Practical Implications for the Practitioner
In most of the QE training studies reviewed in our article, the participants were either beginning or experienced golfers, and not elite or professional golfers (see Table 1); therefore, we currently cannot be certain if such training would truly have a meaningful impact on elite-level golfers’ putting performance. However, based on the findings that did emerge from our review, four practical tips are proposed for those professionals – golf coaches, sport psychology consultants, and performance psychologists – attempting to improve the results of their players’ golf putting task;
(a) Research has shown that QE has been associated with a high level of proficiency in closed, self-paced motor tasks, such as putting in golf. Therefore, practitioners should obtain relevant information on different aspects of QE (e.g., QE in beginning/experienced golfers or QE and focusing attention) as a visual variable that can assist their golfers in improving their accuracy when aiming at the putting green;
(b) QE training should be an integral component of the physical/psychological training of the golfer. Golfers should use eye-tracking systems in their on-green training regimes, in order to gather information on their QEDs while putting. Based on Moore, Vine, Cooke, et al. (2012) and Moore, Vine, et al. (2013), Table 2 summarizes the current instructions for golf putting. The instructions include two stages for pre-training if eye-tracking equipment is available and six instructions for training;
(c) Since putting in golf is classified as a closed, self-paced motor task, golfers can include QE as part of their physical/psychological pre-performance routines (Lidor, 2007; Vine et al., 2011);
(d) Since the slope of a green makes the task of holing a putt more difficult, it would most likely benefit the golfer if the QE instructions take the slope into account.
The findings of the current review suggest that gaze behavior in general, and QE in particular, are related to putting performance. QE appears to be longer in expert golfers compared to less expert golfers and in successful putting performances compared to less successful performances. In addition, QE can be trained, and such training can lead to improved putting performance. However, it is still unclear whether the positive effects of QE on performance are related to pre-programming of the putt, online control of the putt, or both. Unfortunately, not enough data exists regarding the effects of QEDs when slopes are involved.
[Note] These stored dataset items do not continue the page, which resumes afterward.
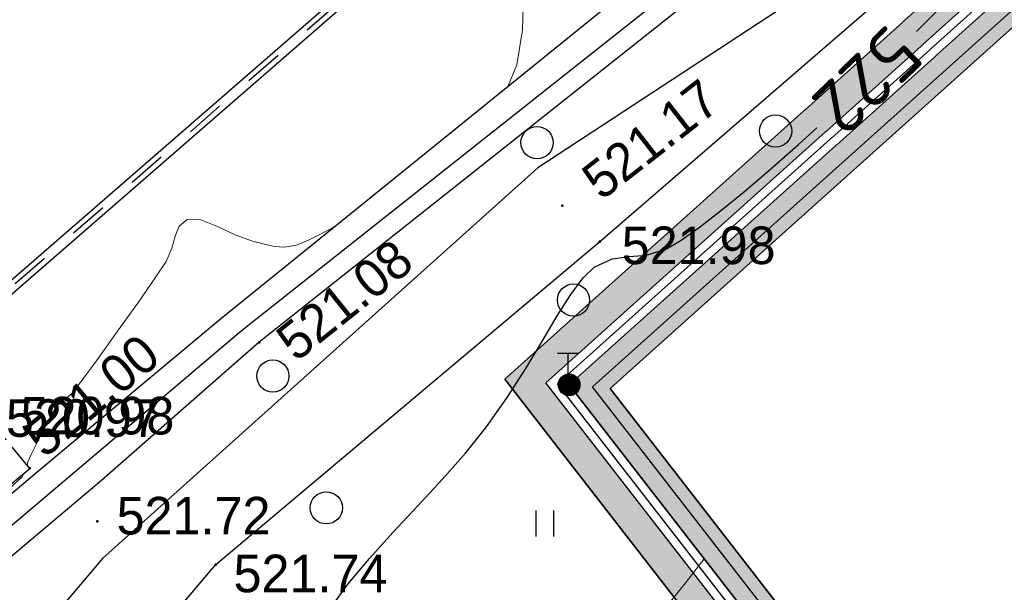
# Model space of a CAD drawing. Header units: millimetres. Extents: x -76021 to 1074922, y 19208 to 400534.
# Tile 45 of 108: x 203460 to 226359, y 147633 to 160960. Entities that reach past the tile are written whole.
import ezdxf

# ---------------------------------------------------------------- set-up
doc = ezdxf.new("R2010")
doc.units = ezdxf.units.MM
doc.linetypes.add('Д_ТРОТ_ТРУБА', pattern=[3, 1.5, -1.5])
for name, color, linetype in [('(004) Точки рельефа', 7, 'Continuous'), ('(004a) Точки рельефа (отк.)', 7, 'Continuous'), ('(014) Водопровод', 5, 'ИК_Водопровод -------в--------'), ('(016) Кабель', 1, 'Continuous'), ('(022) Возд. Линии', 7, 'Continuous'), ('(028) Гидротехн.', 7, 'Continuous'), ('(031) Горизонтали', 42, 'Continuous'), ('(035) Откосы', 7, 'Continuous'), ('(036) Растительность', 7, 'Continuous'), ('(038) Деревья', 7, 'Continuous'), ('(040) Ограда', 7, 'Continuous'), ('C-TOPO-MAJR', 9, 'Continuous'), ('GLUXOY OG', 7, 'Continuous')]:
    doc.layers.add(name, color=color, linetype=linetype)
doc.layers.add('(032) Горизонтали утолщенные', color=32, linetype='Continuous', lineweight=30)
doc.styles.add('D-431', font='txt')
doc.styles.get("Standard").update_dxf_attribs({"font": 'arial.ttf'})
doc.styles.add('СПДС', font='isocpeur.ttf')
doc.linetypes.add('GAZ_VOZDUSH', pattern='A,1,-2,["~",Standard,S=3,R=0,X=-1.5,Y=-1.5],-1,10', length=14)
doc.linetypes.add('ИК_Водопровод -------в--------', pattern='A,9,-0.6,["В",Standard,S=1.2,R=0,X=0,Y=-0.6],-1.2', length=10.8)
doc.linetypes.add('ИК_Э_КАБ_ВН', pattern='A,8,-2,["<<",Standard,S=1,R=0,X=0,Y=-0.5],8,[">>",Standard,S=1,R=0,X=-1,Y=-0.5],-2', length=20)
doc.linetypes.add('ОГРАДА_БЕТ', pattern='A,4,["|",Standard,S=0.8,R=0,X=0,Y=-0.8],4', length=8)
doc.linetypes.add('ОГРАДА_ГЛИН', pattern='A,4,["|",Standard,S=0.8,R=0,X=0,Y=-0.8],0.5,["|",Standard,S=0.8,R=0,X=0,Y=-0.8],3.5', length=8)
doc.linetypes.add('ОТКОСЫ_НЕУКР', pattern='A,0.5,["|",Standard,S=1.2,R=0,X=0,Y=-1.2],1,["|",Standard,S=0.5,R=0,X=0,Y=-0.5],0.5', length=2)
doc.linetypes.add('ОТКОСЫ_НЕУКР1', pattern='A,0.5,["|",Standard,S=-1.2,R=0,X=0,Y=1.2],1,["|",Standard,S=-0.5,R=0,X=0,Y=0.5],0.5', length=2)
doc.linetypes.add('ПОДПОРНАЯ СТЕНКА', pattern='A,2,["V",Standard,S=1.2,R=0,X=0,Y=-1.2],0.2,["V",Standard,S=0.8,R=0,X=0,Y=-0.8],0.25,["V",Standard,S=0.3,R=0,X=0,Y=-0.3],0.25', length=2.7)

# ---------------------------------------------------------------- blocks, each defined once
blk = doc.blocks.new('d')
at = {"layer": '(038) Деревья'}
blk.add_ellipse((0, 0), major_axis=(0.265, 0.265), ratio=1, start_param=5.497787, end_param=11.780972, dxfattribs=at)
blk = doc.blocks.new('I04010')
for p, q in [((-0.412273, 0.007146), (-0.412273, 1.207146)), ((0.387727, 1.207146), (0.387727, 0.007146))]:
    blk.add_line(p, q)
blk = doc.blocks.new('*U215')
at = {"color": 7}
for p, q in [((32256.966, 79660.071), (32257.341, 79660.071)), ((32256.971, 79660.076), (32257.341, 79660.076)), ((32256.976, 79660.081), (32257.336, 79660.081)), ((32256.981, 79660.086), (32257.331, 79660.086)), ((32256.986, 79660.091), (32257.326, 79660.091)), ((32256.991, 79660.096), (32257.316, 79660.096)), ((32256.996, 79660.101), (32257.311, 79660.101)), ((32257.001, 79660.106), (32257.306, 79660.106)), ((32257.011, 79660.111), (32257.301, 79660.111)), ((32257.016, 79660.116), (32257.291, 79660.116)), ((32257.026, 79660.121), (32257.286, 79660.121)), ((32257.031, 79660.126), (32257.276, 79660.126)), ((32257.041, 79660.131), (32257.266, 79660.131)), ((32257.051, 79660.136), (32257.256, 79660.136)), ((32257.066, 79660.141), (32257.246, 79660.141)), ((32257.081, 79660.146), (32257.231, 79660.146)), ((32257.096, 79660.151), (32257.211, 79660.151)), ((32257.126, 79660.156), (32257.181, 79660.156)), ((32256.906, 79659.951), (32257.401, 79659.951)), ((32256.906, 79659.946), (32257.401, 79659.946)), ((32256.906, 79659.941), (32257.401, 79659.941)), ((32256.906, 79659.936), (32257.401, 79659.936)), ((32256.906, 79659.931), (32257.401, 79659.931)), ((32256.906, 79659.926), (32257.401, 79659.926)), ((32256.906, 79659.921), (32257.406, 79659.921)), ((32256.906, 79659.916), (32257.406, 79659.916)), ((32256.906, 79659.911), (32257.406, 79659.911)), ((32256.906, 79659.906), (32257.406, 79659.906)), ((32256.906, 79659.901), (32257.406, 79659.901)), ((32256.906, 79659.896), (32257.406, 79659.896)), ((32256.906, 79659.891), (32257.401, 79659.891)), ((32256.906, 79659.886), (32257.401, 79659.886)), ((32256.906, 79659.881), (32257.401, 79659.881)), ((32256.906, 79659.876), (32257.401, 79659.876)), ((32256.906, 79659.871), (32257.401, 79659.871)), ((32256.906, 79659.866), (32257.401, 79659.866)), ((32256.906, 79659.861), (32257.401, 79659.861)), ((32256.911, 79659.971), (32257.396, 79659.971)), ((32256.911, 79659.966), (32257.396, 79659.966)), ((32256.911, 79659.961), (32257.396, 79659.961)), ((32256.911, 79659.956), (32257.401, 79659.956)), ((32256.911, 79659.856), (32257.401, 79659.856)), ((32256.911, 79659.851), (32257.396, 79659.851)), ((32256.911, 79659.846), (32257.396, 79659.846)), ((32256.911, 79659.841), (32257.396, 79659.841)), ((32256.916, 79659.991), (32257.391, 79659.991)), ((32256.916, 79659.986), (32257.391, 79659.986)), ((32256.916, 79659.981), (32257.391, 79659.981)), ((32256.916, 79659.976), (32257.396, 79659.976)), ((32256.921, 79660.001), (32257.386, 79660.001)), ((32256.921, 79659.996), (32257.386, 79659.996)), ((32256.926, 79660.011), (32257.381, 79660.011)), ((32256.926, 79660.006), (32257.386, 79660.006)), ((32256.931, 79660.021), (32257.376, 79660.021)), ((32256.931, 79660.016), (32257.381, 79660.016)), ((32256.936, 79660.031), (32257.371, 79660.031)), ((32256.936, 79660.026), (32257.376, 79660.026)), ((32256.941, 79660.041), (32257.366, 79660.041)), ((32256.941, 79660.036), (32257.371, 79660.036)), ((32256.946, 79660.046), (32257.361, 79660.046)), ((32256.951, 79660.056), (32257.356, 79660.056)), ((32256.951, 79660.051), (32257.361, 79660.051)), ((32256.956, 79660.061), (32257.351, 79660.061)), ((32256.961, 79660.066), (32257.346, 79660.066)), ((32256.916, 79659.836), (32257.396, 79659.836)), ((32256.916, 79659.831), (32257.391, 79659.831)), ((32256.916, 79659.826), (32257.391, 79659.826)), ((32256.921, 79659.821), (32257.391, 79659.821)), ((32256.921, 79659.816), (32257.386, 79659.816)), ((32256.921, 79659.811), (32257.386, 79659.811)), ((32256.926, 79659.806), (32257.381, 79659.806)), ((32256.926, 79659.801), (32257.381, 79659.801)), ((32256.931, 79659.796), (32257.376, 79659.796)), ((32256.931, 79659.791), (32257.376, 79659.791)), ((32256.936, 79659.786), (32257.371, 79659.786)), ((32256.936, 79659.781), (32257.371, 79659.781)), ((32256.941, 79659.776), (32257.366, 79659.776)), ((32256.946, 79659.771), (32257.361, 79659.771)), ((32256.946, 79659.766), (32257.361, 79659.766)), ((32256.951, 79659.761), (32257.356, 79659.761)), ((32256.956, 79659.756), (32257.351, 79659.756)), ((32256.961, 79659.751), (32257.351, 79659.751)), ((32256.961, 79659.746), (32257.346, 79659.746)), ((32256.966, 79659.741), (32257.341, 79659.741)), ((32256.971, 79659.736), (32257.336, 79659.736)), ((32256.976, 79659.731), (32257.331, 79659.731)), ((32256.981, 79659.726), (32257.326, 79659.726)), ((32256.986, 79659.721), (32257.321, 79659.721)), ((32256.991, 79659.716), (32257.316, 79659.716)), ((32257.001, 79659.711), (32257.311, 79659.711)), ((32257.006, 79659.706), (32257.301, 79659.706)), ((32257.011, 79659.701), (32257.296, 79659.701)), ((32257.021, 79659.696), (32257.286, 79659.696)), ((32257.031, 79659.691), (32257.281, 79659.691)), ((32257.036, 79659.686), (32257.271, 79659.686)), ((32257.046, 79659.681), (32257.261, 79659.681)), ((32257.061, 79659.676), (32257.246, 79659.676)), ((32257.071, 79659.671), (32257.236, 79659.671)), ((32257.091, 79659.666), (32257.216, 79659.666)), ((32257.111, 79659.661), (32257.196, 79659.661))]:
    blk.add_line(p, q, dxfattribs=at)
blk = doc.blocks.new('I01070-flat-1-flat-1')
at = {"color": 7}
blk.add_circle((0.025, 0.015), 0.25, dxfattribs=at)
blk.add_blockref('*U215', (-32257.131, -79659.891), dxfattribs=at)
blk = doc.blocks.new('I0195-flat-1-flat-1')
at = {"layer": '(016) Кабель', "color": 7, "linetype": 'ИК_Э_КАБ_ВН'}
for p, q in [((-0.275, 0.74), (0.225, 0.74)), ((-0.025, 0.24), (-0.025, 0.74))]:
    blk.add_line(p, q, dxfattribs=at)
at = {"layer": '(022) Возд. Линии'}
blk.add_blockref('I01070-flat-1-flat-1', (-0.025, -0.01), dxfattribs=at)
blk = doc.blocks.new('361-flat-1-flat-1')
at = {"layer": '(016) Кабель', "color": 7}
blk.add_point((0, 0), dxfattribs=at)
at = {"layer": '(022) Возд. Линии'}
blk.add_blockref('I0195-flat-1-flat-1', (0, -0.005), dxfattribs=at)
blk = doc.blocks.new('*U219')
at = {"layer": '(022) Возд. Линии'}
blk.add_blockref('361-flat-1-flat-1', (32257.156, 79659.906), dxfattribs=at)
blk = doc.blocks.new('A$C05d28b1e')
at = {"layer": '(004) Точки рельефа', "color": 7, "linetype": 'ByBlock', "lineweight": -2}
for p in [(-58665, -48096), (-57800, -48932), (-65716, -51272), (-71052, -54208), (-69479, -55443), (-66727, -56448)]:
    blk.add_point(p, dxfattribs=at)
at = {"layer": '(028) Гидротехн.', "color": 3, "linetype": 'Д_ТРОТ_ТРУБА', "ltscale": 600, "flags": 128}
blk.add_lwpolyline([(-58296, -38932), (-62076, -41813), (-73078, -51383)], dxfattribs=at)
at = {"layer": '(028) Гидротехн.', "ltscale": 600}
for points in [[(-58222, -39033), (-61998, -41911), (-72996, -51478)], [(-62156, -41717), (-73160, -51289)]]:
    blk.add_lwpolyline(points, dxfattribs=at)
at = {"layer": '(031) Горизонтали', "color": 42, "linetype": 'Continuous', "lineweight": 0, "ltscale": 600}
for points in [[(-59927, -45309), (-59728, -44818), (-59596, -43999), (-59575, -43194), (-59605, -42474), (-59614, -42166)], [(-71112, -54135), (-71110, -54128), (-71108, -54095), (-71106, -54070), (-71019, -53888), (-70819, -53479), (-70594, -53039), (-70432, -52766), (-70309, -52645), (-70191, -52565), (-70058, -52450), (-69864, -52197), (-69485, -51680), (-69010, -51018), (-68527, -50336), (-68122, -49754), (-67884, -49394), (-67749, -49086), (-67671, -48802), (-67576, -48569), (-67390, -48416), (-67077, -48421), (-66687, -48576), (-66276, -48776), (-65898, -48914), (-65602, -48987), (-65361, -49044), (-65127, -49062), (-64848, -49016), (-64554, -48893), (-64034, -48627), (-63995, -48605)], [(-71825, -55091), (-71710, -54921), (-71563, -54715), (-71389, -54547), (-71235, -54413), (-71191, -54328), (-71207, -54335)], [(-56234, -57414), (-55796, -56862), (-55368, -56312)]]:
    blk.add_lwpolyline(points, dxfattribs=at)
at = {"layer": '(032) Горизонтали утолщенные', "color": 32, "linetype": 'Continuous', "lineweight": 30, "ltscale": 600}
blk.add_lwpolyline([(-50429, -44038), (-50360, -43969), (-49430, -43029), (-48467, -42041), (-47515, -41049)], dxfattribs=at)
at = {"layer": '(035) Откосы', "linetype": 'ПОДПОРНАЯ СТЕНКА', "ltscale": 600}
blk.add_lwpolyline([(-75365, -57759), (-71052, -54208), (-71715, -53403), (-76027, -56954)], close=True, dxfattribs=at)
at = {"layer": '(016) Кабель', "color": 0, "xscale": 1000, "yscale": 1000, "zscale": 1000}
blk.add_blockref('*U219', (-32315665, -79712169), dxfattribs=at)
at = {"layer": '(036) Растительность', "linetype": 'Continuous', "xscale": 500, "yscale": 500, "zscale": 500}
blk.add_blockref('I04010', (-59067, -55793), dxfattribs=at)
at = {"layer": '(038) Деревья', "linetype": 'Continuous', "xscale": 1000, "yscale": 1000, "zscale": 1000}
for p in [(-53709, -46357), (-59256, -46628), (-58409, -50290), (-65400, -52059), (-64157, -55127)]:
    blk.add_blockref('d', p, dxfattribs=at)
at = {"layer": '(004) Точки рельефа', "linetype": 'ByBlock', "char_height": 875, "attachment_point": 4, "style": 'D-431'}
for s, insert, rotation in [('521.17', (-58023, -47652), 37.9318), ('521.08', (-65128, -51412), 38.766), ('521.00', (-70986, -53659), 39.8215)]:
    blk.add_mtext(s, dxfattribs=dict(at, insert=insert, rotation=rotation))
for s, insert in [('521.98', (-57288, -49023)), ('521.72', (-69034, -55315)), ('521.74', (-66315, -56660))]:
    blk.add_mtext(s, dxfattribs=dict(at, insert=insert))
at = {"layer": '(004a) Точки рельефа (отк.)', "linetype": 'ByBlock', "char_height": 875, "attachment_point": 4, "style": 'D-431'}
for s, insert in [('520.98', (-71271, -52987)), ('520.97', (-71607, -53043))]:
    blk.add_mtext(s, dxfattribs=dict(at, insert=insert))
at = {"layer": 'C-TOPO-MAJR', "color": 32, "linetype": 'Continuous', "lineweight": 30, "insert": (-51579, -45174), "char_height": 1250, "width": 2398.75, "attachment_point": 5, "rotation": 224.2916, "style": 'СПДС', "bg_fill": 3, "box_fill_scale": 1.254, "bg_fill_color": 256, "bg_fill_true_color": 13158600, "bg_fill_transparency": 0}
blk.add_mtext('522', dxfattribs=at)
at = {"layer": '(014) Водопровод', "linetype": 'GAZ_VOZDUSH', "ltscale": 600, "flags": 128}
blk.add_lwpolyline([(-44342, -33518), (-44199, -33721), (-51302, -39257), (-66135, -51011), (-83417, -65659), (-90348, -74918)], dxfattribs=at)
at = {"layer": '(032) Горизонтали утолщенные', "color": 32, "linetype": 'Continuous', "lineweight": 30, "ltscale": 600}
blk.add_lwpolyline([(-64058, -57461), (-63649, -56895), (-63156, -56306), (-62609, -55700), (-62036, -55084), (-61463, -54465), (-60920, -53850), (-60435, -53244), (-59952, -52557), (-59520, -51881), (-59133, -51240), (-58785, -50658), (-58472, -50162), (-58187, -49775), (-57926, -49522), (-57509, -49328), (-57116, -49280), (-56708, -49246), (-56244, -49095), (-55908, -48897), (-55484, -48600), (-54986, -48216), (-54426, -47759), (-53819, -47240), (-53176, -46672), (-52752, -46286)], dxfattribs=at)
at = {"layer": '(035) Откосы', "linetype": 'ОТКОСЫ_НЕУКР', "ltscale": 600}
blk.add_lwpolyline([(-43467, -33713), (-50228, -38972), (-65716, -51272), (-69386, -54487), (-82461, -65521), (-92351, -78829), (-94563, -77018), (-83792, -65233), (-70933, -54336), (-66615, -50729), (-55308, -41565), (-45031, -33845), (-46804, -31485)], dxfattribs=at)
at = {"layer": '(035) Откосы', "linetype": 'ОТКОСЫ_НЕУКР1', "ltscale": 600}
for points in [[(-50986, -41802), (-59240, -47211), (-69359, -56302), (-77751, -66219), (-85575, -75948), (-91245, -81100), (-97320, -87907)], [(-96304, -89290), (-90266, -82549), (-83981, -77658), (-77327, -68971), (-66727, -56448), (-57800, -48932), (-50342, -42474)]]:
    blk.add_lwpolyline(points, dxfattribs=at)
at = {"layer": '(040) Ограда', "linetype": 'ОГРАДА_БЕТ', "ltscale": 600, "flags": 128}
blk.add_lwpolyline([(-33190, -84908), (-58509, -52263), (-37656, -33532), (-37389, -33830), (-37091, -33562)], dxfattribs=at)
at = {"layer": '(040) Ограда', "ltscale": 600, "flags": 128}
blk.add_lwpolyline([(-32874, -84663), (-57965, -52312), (-37686, -34097), (-37419, -34394), (-36824, -33860)], dxfattribs=at)

msp = doc.modelspace()

# ---------------------------------------------------------------- block references
at = {"color": 5, "lineweight": 50}
msp.add_blockref('A$C05d28b1e', (274748.019, 204725.492), dxfattribs=at)

# ---------------------------------------------------------------- next in the draw order: hatches: boundary and pattern name
at = {"true_color": 0xb1ab95}
h = msp.add_hatch(color=253, dxfattribs=at)
h.dxf.hatch_style = 1
edge = h.paths.add_edge_path(flags=17)
edge.add_line((190328.812, 64219.344), (189915.299, 64787.522))
edge.add_line((189915.299, 64787.522), (188931.737, 63929.746))
edge.add_line((188931.737, 63929.746), (151545.096, 115300.092))
edge.add_line((151545.096, 115300.092), (96229.857, 199382.094))
edge.add_arc((101661.242, 203797.981), 7000, 211.2865698, 219.1121956, ccw=False)
edge.add_line((95679.178, 200162.749), (95229.836, 200902.177))
edge.add_line((95229.836, 200902.177), (75953.592, 230203.058))
edge.add_line((75953.592, 230203.058), (203746.138, 307844.042))
edge.add_line((203746.138, 307844.042), (208840.815, 298765.71))
edge.add_line((208840.815, 298765.71), (206029.762, 297103.944))
edge.add_line((206029.762, 297103.944), (209083.076, 291938.94))
edge.add_line((209083.076, 291938.94), (211777.921, 293532.009))
edge.add_line((211777.921, 293532.009), (265113.076, 198492.777))
edge.add_line((265113.076, 198492.777), (234488.777, 178231.381))
edge.add_line((234488.777, 178231.381), (234257.309, 173182.193))
edge.add_line((234257.309, 173182.193), (235613.694, 171344.205))
edge.add_line((235613.694, 171344.205), (214742.638, 152596.986))
edge.add_line((214742.638, 152596.986), (245709.951, 112669.346))
edge.add_line((245709.951, 112669.346), (199133.622, 72677.893))
edge.add_line((199133.622, 72677.893), (196266.373, 76016.199))
edge.add_line((196266.373, 76016.199), (191895.937, 72262.461))
edge.add_line((191895.937, 72262.461), (194913.088, 68116.807))
edge.add_line((194913.088, 68116.807), (196023.632, 69085.325))
edge.add_line((196023.632, 69085.325), (193482.821, 72043.563))
edge.add_line((193482.821, 72043.563), (196137.921, 74324.011))
edge.add_line((196137.921, 74324.011), (198679.27, 71365.147))
edge.add_line((198679.27, 71365.147), (246671.236, 112572.099))
edge.add_line((246671.236, 112572.099), (215694.88, 152511.399))
edge.add_line((215694.88, 152511.399), (236554.446, 171248.297))
edge.add_line((236554.446, 171248.297), (234967.943, 173398.11))
edge.add_line((234967.943, 173398.11), (235171.749, 177843.906))
edge.add_line((235171.749, 177843.906), (266041.926, 198267.977))
edge.add_line((266041.926, 198267.977), (204001.957, 308818.532))
edge.add_line((204001.957, 308818.532), (74969.992, 230424.534))
edge.add_line((74969.992, 230424.534), (150969.387, 114901.553))
edge.add_line((150969.387, 114901.553), (188815.639, 62899.688))
edge.add_line((188815.639, 62899.688), (190328.812, 64219.344))
h.paths.add_polyline_path([(150640.411, 114673.817), (74407.935, 230551.092), (204148.139, 309375.384), (266572.697, 198139.52), (235562.019, 177622.492), (235374.019, 173521.492), (237092.019, 171193.492), (216239.019, 152462.492), (247218.735, 112518.86), (198939.866, 71061.737), (199460.86, 70455.151), (196805.759, 68174.703), (196284.262, 68781.877), (195149.381, 67792.133), (196323.601, 66178.72), (201153.047, 70326.699), (200306.363, 71312.485), (248180.002, 112421.636), (217191.261, 152376.904), (238032.771, 171097.583), (236084.652, 173737.409), (236244.991, 177235.016), (267501.547, 197914.721), (204403.958, 310349.875), (73424.336, 230772.568), (150064.702, 114275.278), (188633.2, 61281.026), (190978.617, 63326.492), (190565.104, 63894.67), (188749.298, 62311.084)])

# ---------------------------------------------------------------- next in the draw order: linework, layer by layer
for points in [[(191025.194, 63367.112), (188633.2, 61281.026), (150064.702, 114275.278), (73424.336, 230772.568), (204403.958, 310349.875), (267501.547, 197914.721), (236244.991, 177235.016), (236084.652, 173737.409), (238032.771, 171097.583), (217191.261, 152376.904), (248180.002, 112421.636), (200306.363, 71312.485), (201153.047, 70326.699), (196323.601, 66178.72)], [(248180.002, 112421.636), (217191.261, 152376.904), (238032.771, 171097.583), (236084.652, 173737.409), (236244.991, 177235.016), (267501.547, 197914.721), (204403.958, 310349.875), (73424.336, 230772.568), (150064.702, 114275.278)], [(150640.411, 114673.817), (74407.935, 230551.092), (204148.139, 309375.384), (266572.697, 198139.52), (235562.019, 177622.492), (235374.019, 173521.492), (237092.019, 171193.492), (216239.019, 152462.492), (247218.735, 112518.86)], [(246671.236, 112572.099), (215694.88, 152511.399), (236554.446, 171248.297), (234967.943, 173398.11), (235171.749, 177843.906), (266041.926, 198267.977), (204001.957, 308818.532), (74969.992, 230424.534), (150969.387, 114901.553)], [(245709.951, 112669.346), (214742.638, 152596.986), (235613.694, 171344.205), (234257.309, 173182.193), (234488.777, 178231.381), (265113.076, 198492.777), (211777.921, 293532.009), (209083.076, 291938.94), (206029.762, 297103.944), (208840.815, 298765.71), (203746.138, 307844.042), (75953.592, 230203.058)], [(245709.951, 112669.346), (214742.638, 152596.986), (235613.694, 171344.205), (234257.309, 173182.193), (234488.777, 178231.381), (265113.076, 198492.777), (211777.921, 293532.009)]]:
    msp.add_lwpolyline(points)
msp.add_lwpolyline([(151545.096, 115300.092), (96229.857, 199382.094, -0.034159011), (95679.178, 200162.749), (95229.836, 200902.177), (75953.592, 230203.058), (203746.138, 307844.042), (208840.815, 298765.71), (206029.762, 297103.944), (209083.076, 291938.94), (211777.921, 293532.009), (265113.076, 198492.777), (234488.777, 178231.381), (234257.309, 173182.193), (235613.694, 171344.205), (214742.638, 152596.986), (245709.951, 112669.346)], format="xyb")
at = {"lineweight": 30}
for points in [[(214742.638, 152596.986), (235613.694, 171344.205)], [(245709.951, 112669.346), (214742.638, 152596.986)]]:
    msp.add_lwpolyline(points, dxfattribs=at)
at = {"layer": 'GLUXOY OG', "color": 186, "linetype": 'ОГРАДА_ГЛИН', "lineweight": 30, "ltscale": 400}
for points in [[(188749.298, 62311.084), (150640.411, 114673.817), (74407.935, 230551.092), (204148.139, 309375.384), (266572.697, 198139.52), (235562.019, 177622.492), (235374.019, 173521.492), (237092.019, 171193.492), (216239.019, 152462.492), (247218.735, 112518.86)], [(246671.236, 112572.099), (215694.88, 152511.399), (236554.446, 171248.297), (234967.943, 173398.11), (235171.749, 177843.906), (266041.926, 198267.977), (204001.957, 308818.532), (74969.992, 230424.534), (150969.387, 114901.553), (188815.639, 62899.688)]]:
    msp.add_lwpolyline(points, dxfattribs=at)
at = {"layer": 'GLUXOY OG', "color": 186, "lineweight": 30, "ltscale": 400}
msp.add_lwpolyline([(246944.985, 112545.479), (215966.95, 152486.945), (236823.233, 171220.894), (235170.981, 173459.801), (235366.884, 177733.199), (266307.312, 198203.749), (204075.048, 309096.958), (74688.964, 230487.813), (150804.899, 114787.685), (188782.469, 62605.386)], dxfattribs=at)

doc.saveas('drawing.dxf')

We encourage researchers to examine this issue, as golf putting is often performed in the presence of slopes. Finally, we encourage practitioners to train golfers to adopt longer QEDs while aiming at the hole.
Conflict of Interest
The authors declare that this research was conducted in the absence of any commercial or financial relationships that could be construed as a potential conflict of interest.
Both authors made a substantial and direct contribution to this manuscript, and approved it for publication.